Son père était avocat. Quand il n'était pas au travail, il s'isolait dans la tranquillité de son bureau, en compagnie de ses livres et de son violon, fuyant les cris des disputes de ses quatre enfants.

Sa mère, qui avait passé ses années de jeunesse à s'occuper de ses frères et soeurs, avait annoncé à son futur époux qu'il "lui ouvrait le chemin de la liberté et des arts, mais que les braillards qu'elle mettrait au monde s'élèveraient tout seuls".(1)

Elle occupait ses journées à jouer du piano ou à présenter les critiques de ses lectures aux membres de son club féminin.
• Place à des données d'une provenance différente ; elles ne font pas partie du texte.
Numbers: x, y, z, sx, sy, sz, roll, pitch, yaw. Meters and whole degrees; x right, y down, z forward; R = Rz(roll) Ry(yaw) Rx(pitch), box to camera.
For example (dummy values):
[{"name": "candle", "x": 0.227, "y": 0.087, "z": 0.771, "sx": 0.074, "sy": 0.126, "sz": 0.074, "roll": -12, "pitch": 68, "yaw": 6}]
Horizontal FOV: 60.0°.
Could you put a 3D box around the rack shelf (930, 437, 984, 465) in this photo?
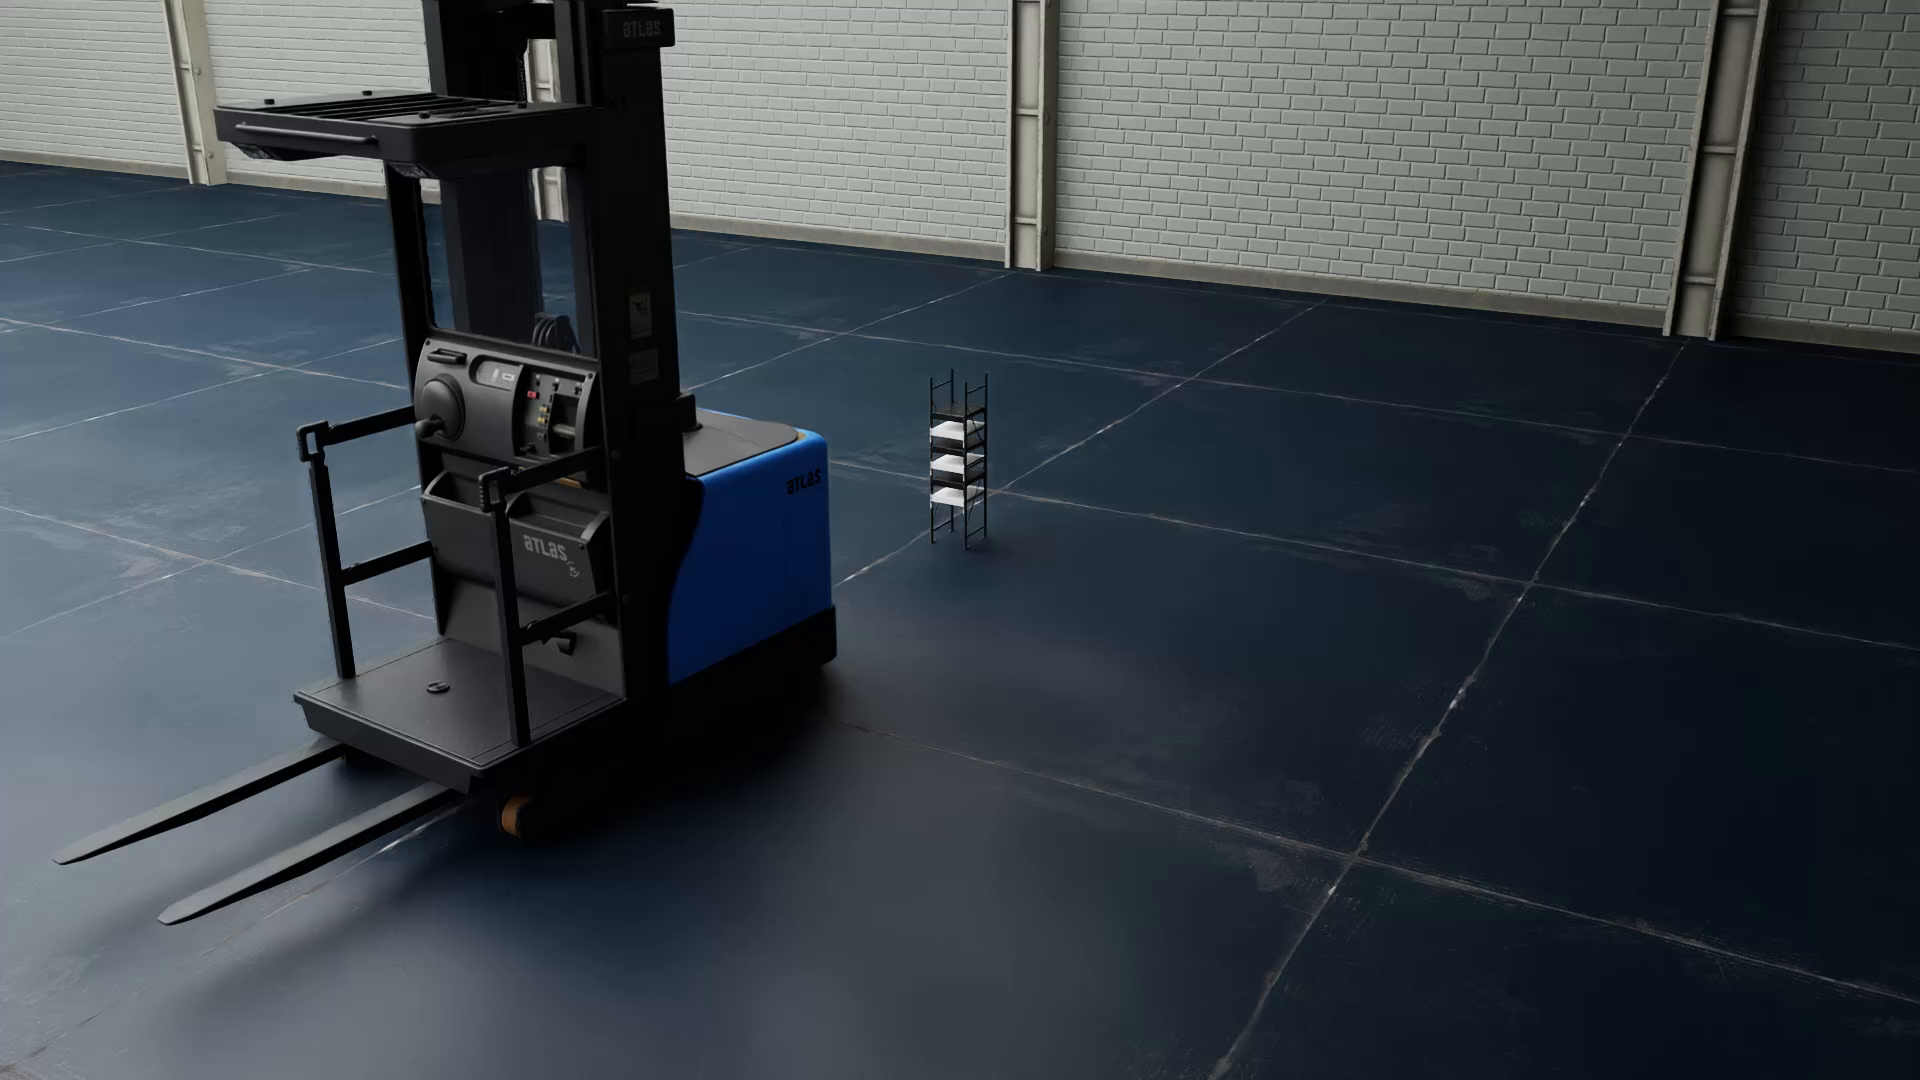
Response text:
[{"name": "rack shelf", "x": -0.007, "y": -0.478, "z": 8.696, "sx": 0.200, "sy": 0.077, "sz": 0.258, "roll": 11, "pitch": 23, "yaw": 27}]

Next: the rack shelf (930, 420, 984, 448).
[{"name": "rack shelf", "x": -0.007, "y": -0.562, "z": 8.665, "sx": 0.200, "sy": 0.077, "sz": 0.258, "roll": 11, "pitch": 23, "yaw": 27}]

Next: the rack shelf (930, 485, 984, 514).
[{"name": "rack shelf", "x": -0.007, "y": -0.224, "z": 8.788, "sx": 0.200, "sy": 0.077, "sz": 0.258, "roll": 11, "pitch": 23, "yaw": 27}]

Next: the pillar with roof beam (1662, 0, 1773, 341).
[{"name": "pillar with roof beam", "x": 3.819, "y": -4.615, "z": 8.391, "sx": 0.400, "sy": 9.000, "sz": 9.100, "roll": 11, "pitch": 23, "yaw": 27}]

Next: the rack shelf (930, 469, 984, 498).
[{"name": "rack shelf", "x": -0.007, "y": -0.308, "z": 8.757, "sx": 0.200, "sy": 0.077, "sz": 0.258, "roll": 11, "pitch": 23, "yaw": 27}]

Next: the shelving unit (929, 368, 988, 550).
[{"name": "shelving unit", "x": -0.007, "y": -0.424, "z": 8.715, "sx": 0.210, "sy": 0.900, "sz": 0.258, "roll": 11, "pitch": 23, "yaw": 27}]

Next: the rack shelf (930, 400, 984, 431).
[{"name": "rack shelf", "x": -0.007, "y": -0.647, "z": 8.635, "sx": 0.200, "sy": 0.077, "sz": 0.258, "roll": 11, "pitch": 23, "yaw": 27}]

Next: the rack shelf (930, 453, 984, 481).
[{"name": "rack shelf", "x": -0.007, "y": -0.393, "z": 8.727, "sx": 0.200, "sy": 0.077, "sz": 0.258, "roll": 11, "pitch": 23, "yaw": 27}]

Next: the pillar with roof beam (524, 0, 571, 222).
[{"name": "pillar with roof beam", "x": -6.658, "y": -6.610, "z": 13.892, "sx": 0.400, "sy": 9.000, "sz": 9.100, "roll": 11, "pitch": 23, "yaw": 27}]

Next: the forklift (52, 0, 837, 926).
[{"name": "forklift", "x": -1.795, "y": -0.496, "z": 5.935, "sx": 1.130, "sy": 2.935, "sz": 3.031, "roll": 13, "pitch": 24, "yaw": 33}]

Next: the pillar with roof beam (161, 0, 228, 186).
[{"name": "pillar with roof beam", "x": -11.896, "y": -7.608, "z": 16.643, "sx": 0.400, "sy": 9.000, "sz": 9.100, "roll": 11, "pitch": 23, "yaw": 27}]

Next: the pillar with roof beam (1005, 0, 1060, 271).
[{"name": "pillar with roof beam", "x": -1.419, "y": -5.613, "z": 11.141, "sx": 0.400, "sy": 9.000, "sz": 9.100, "roll": 11, "pitch": 23, "yaw": 27}]

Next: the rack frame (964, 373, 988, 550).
[{"name": "rack frame", "x": 0.082, "y": -0.407, "z": 8.669, "sx": 0.006, "sy": 0.900, "sz": 0.240, "roll": 11, "pitch": 23, "yaw": 27}]

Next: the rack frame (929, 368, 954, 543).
[{"name": "rack frame", "x": -0.096, "y": -0.441, "z": 8.762, "sx": 0.006, "sy": 0.900, "sz": 0.240, "roll": 11, "pitch": 23, "yaw": 27}]

Malgré leur absence, ses parents étaient aimants et compréhensifs. Il lui donnèrent le goût de l'art, des livres et de la musique. Et c'est avec plaisir que Louise écoutait sa mère jouer Debussy et Ravel avec beaucoup de talent.

"Notre maison de Wichita croulait littéralement sous les livres. Je dévorais tout avec ravissement, me fichant pas mal de ne pas toujours comprendre.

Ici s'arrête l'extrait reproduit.